When I was a lad (queue Hovis music) we had "penny for the lantern" not all this foreign trick or treat tripe .We made our own lanterns from a Turnip(swede to southerners) and went out and manfully earnt our pennies ,why should we give these toe rags sweets when they make our lives a misery all year long ?


----------



## steveh (Jan 14, 2004)

Kell said:


> Looks like I was wrong - again. :roll:
> 
> *Hallowe'en was once a time for making mischief - many parts of England still recognise this date as Mischief Night - when children would knock on doors demanding a treat (Trick or Treat) and people would disguise themselves as witches, ghosts, kelpies and spunkies, in order to obtain food and money from nervous householders. In certain parts of England youths still play pranks on their neighbours by hiding garden ornaments, whitewashing walls and ringing doorbells in the dead of night. *


If anybody turns up at my house disguised as a spunkie I'm definitely not opening the door and I certainly won't let the wife anywhere near it :lol: :roll: :lol:


----------



## vlastan (May 6, 2002)

Went to Tesco's to buy some sweets for the kids for tonight. Should be fun.


----------



## StuarTT (May 7, 2002)

As far as I know, Halloween has absolutely NO tradition here in Luxembourg, but as the marketing 'geniuses' have managed to make Halloween a success here it was quite funny watching the kids ringing the doorbells and singing Happy Halloween to the tune of Happy Birthday.

:lol: :lol: :lol:


----------



## Dotti (Mar 9, 2003)

*phew* got away with no ghosts or witches knocking at our front door so hub's and I decided we 'had' to at all the lovely sweeties and treats


----------



## MacBuff (Aug 11, 2004)

AvusLee said:


> Had 3 cocky little shitbag hoodrats knock last night 'Trick-or-Treating. Pointed out that it was only the 28th and that Haloween was on the 31st and if they went to school they would know this. They then fucked off. They'll probably key my car now.


Only 3?

We had 5 separate visits by the little %^%* in less than 20 minutes, needless to say we didn't take much notice of them..

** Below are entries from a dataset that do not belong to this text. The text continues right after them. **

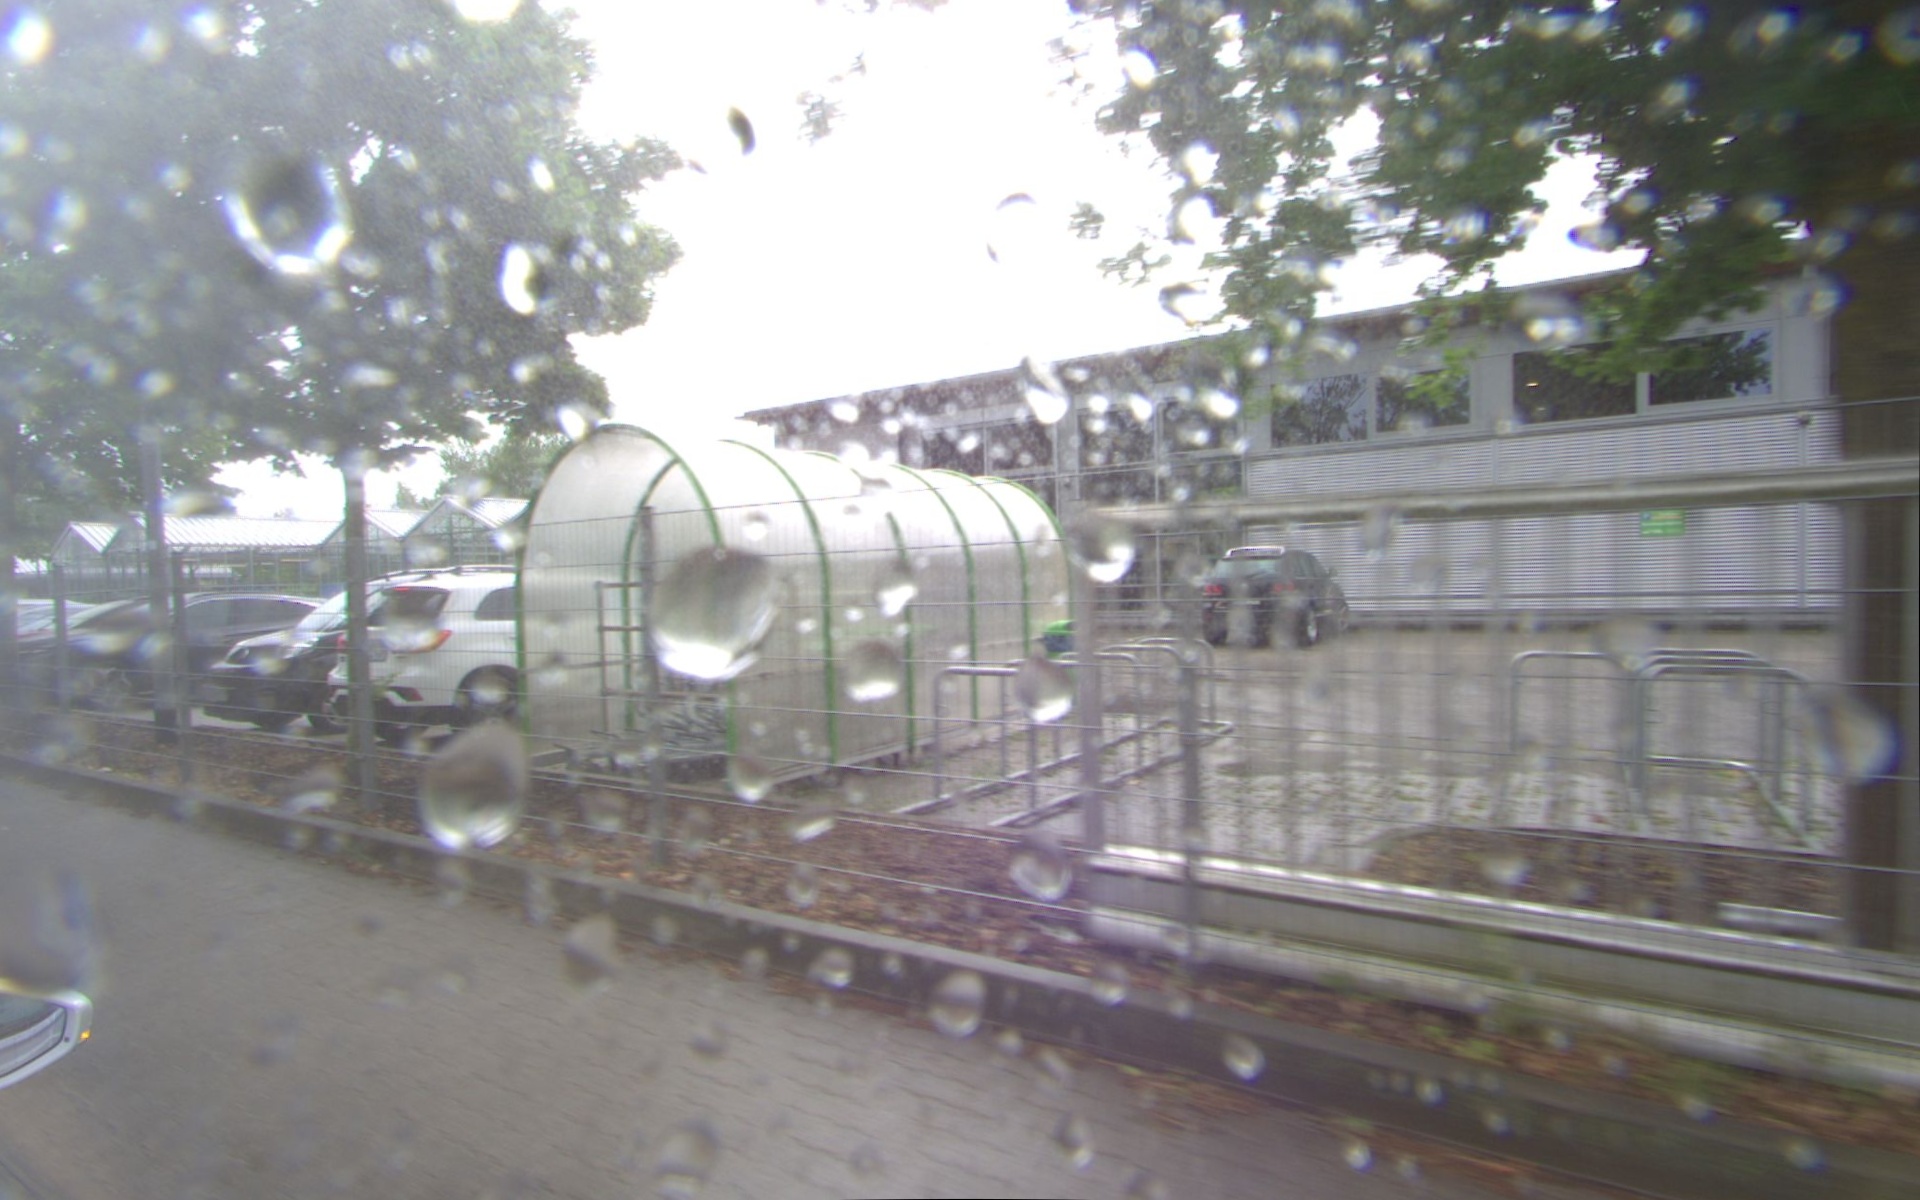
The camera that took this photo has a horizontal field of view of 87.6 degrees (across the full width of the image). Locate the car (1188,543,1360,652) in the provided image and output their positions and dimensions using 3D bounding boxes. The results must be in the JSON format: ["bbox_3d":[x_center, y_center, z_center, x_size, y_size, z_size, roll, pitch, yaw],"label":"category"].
[{"bbox_3d":[6.212,-0.123,19.449,2.035,1.858,4.348,0,2,34],"label":"car"}]

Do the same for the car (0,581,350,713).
[{"bbox_3d":[-11.771,0.572,14.973,1.794,1.640,4.205,0,1,26],"label":"car"}]

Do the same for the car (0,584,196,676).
[{"bbox_3d":[-17.904,0.553,19.676,1.794,1.640,4.205,0,1,26],"label":"car"}]

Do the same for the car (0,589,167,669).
[{"bbox_3d":[-19.774,0.600,21.279,1.794,1.555,4.205,0,1,26],"label":"car"}]

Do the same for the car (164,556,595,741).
[{"bbox_3d":[-6.715,0.434,12.144,1.794,1.818,4.205,0,1,26],"label":"car"}]

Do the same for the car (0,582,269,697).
[{"bbox_3d":[-14.156,0.569,16.499,1.794,1.640,4.205,0,1,26],"label":"car"}]

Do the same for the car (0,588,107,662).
[{"bbox_3d":[-22.142,0.589,22.436,1.794,1.610,4.205,0,1,26],"label":"car"}]

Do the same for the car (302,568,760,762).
[{"bbox_3d":[-4.271,0.496,10.686,1.798,1.623,4.198,0,2,32],"label":"car"}]

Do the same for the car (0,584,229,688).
[{"bbox_3d":[-15.837,0.580,17.790,1.794,1.640,4.205,0,1,26],"label":"car"}]

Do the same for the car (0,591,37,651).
[{"bbox_3d":[-27.374,0.607,26.330,1.796,1.610,4.200,0,2,30],"label":"car"}]
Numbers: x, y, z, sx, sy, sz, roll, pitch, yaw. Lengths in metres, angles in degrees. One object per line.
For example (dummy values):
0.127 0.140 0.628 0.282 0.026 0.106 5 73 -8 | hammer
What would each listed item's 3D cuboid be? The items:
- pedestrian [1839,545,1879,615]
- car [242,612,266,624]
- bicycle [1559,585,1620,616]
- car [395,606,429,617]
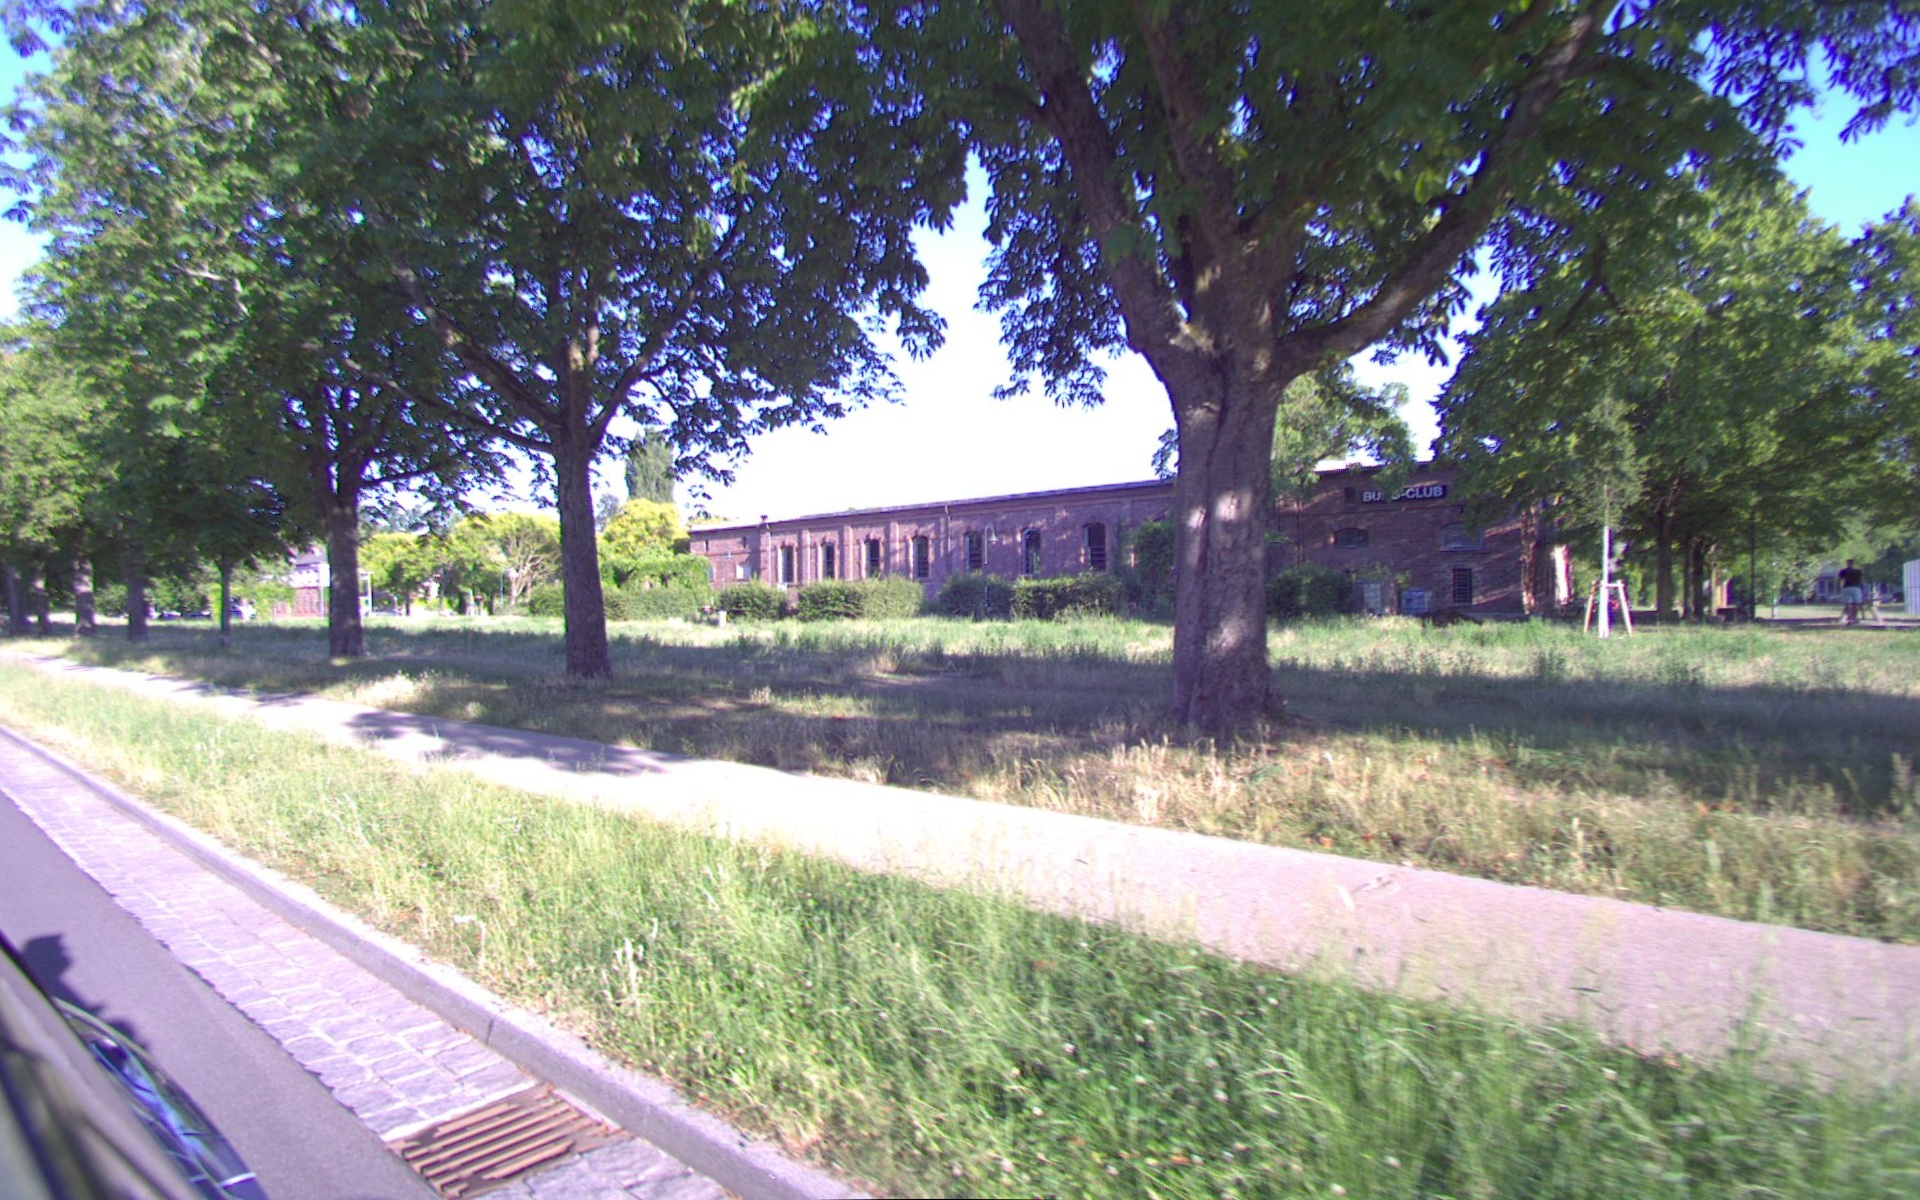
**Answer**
24.784 -0.549 27.907 0.798 1.895 1.037 0 1 43 | pedestrian
-97.264 2.464 139.370 3.998 1.641 1.744 -1 1 41 | car
27.192 0.024 43.731 2.149 1.279 0.677 -1 0 43 | bicycle
-73.504 1.486 135.780 1.586 1.289 3.589 0 2 42 | car

I wish the 'Trick or Treat' thingy would go back to the USA where it came from - Its NOT an English custom...

I blame ET for it.. (ET the film that is)

John


----------



## bilbo baggins (Jun 10, 2004)

I open the door unexpectedly with my scream mask on and scare the shite out of them first :lol: then usually hand out a few sweets. Most kids around my area are with parents or a responsible adult.

Think it scare the shite out of the parnets more


----------



## Dotti (Mar 9, 2003)

bilbo baggins said:


> Think it scare the shite out of the parnets more


Your not wrong! [smiley=vampire.gif]


----------



## Wallsendmag (Feb 12, 2004)

bilbo baggins said:


> I open the door unexpectedly with my scream mask on and scare the shite out of them first :lol: then usually hand out a few sweets. Most kids around my area are with parents or a responsible adult.
> 
> Think it scare the shite out of the parnets more


Might trya Michael Jackson mask next year :lol:


----------



## mosschops (Dec 31, 2002)

Don't mind the kids if they are supervised, and say thankyou when offered a "Treat" - fortunately most of them did this year.

However to prepare Halloween my household stock up on the most horrible sweets we can find.

I have two tubs near the door. Celebrations for the little kids, some god dam awful caramels and sherbet shit for any chavs :lol:


----------



## Loz180 (Sep 20, 2004)

hudson said:


> I haven't got a problem with the little kiddies  (bless the little scamps) even though the whole thing is bollocks but for the Chavs out there, I have a paintball gun fully gassed up with special consignment of frozen paintballs ready for the 'trickers'.
> 
> They better bring more than fucking eggs and flour I can tell you. :evil:


I want to live in your street. I think I'd laugh every day!

[wiping away tears before retiring on a high note]


----------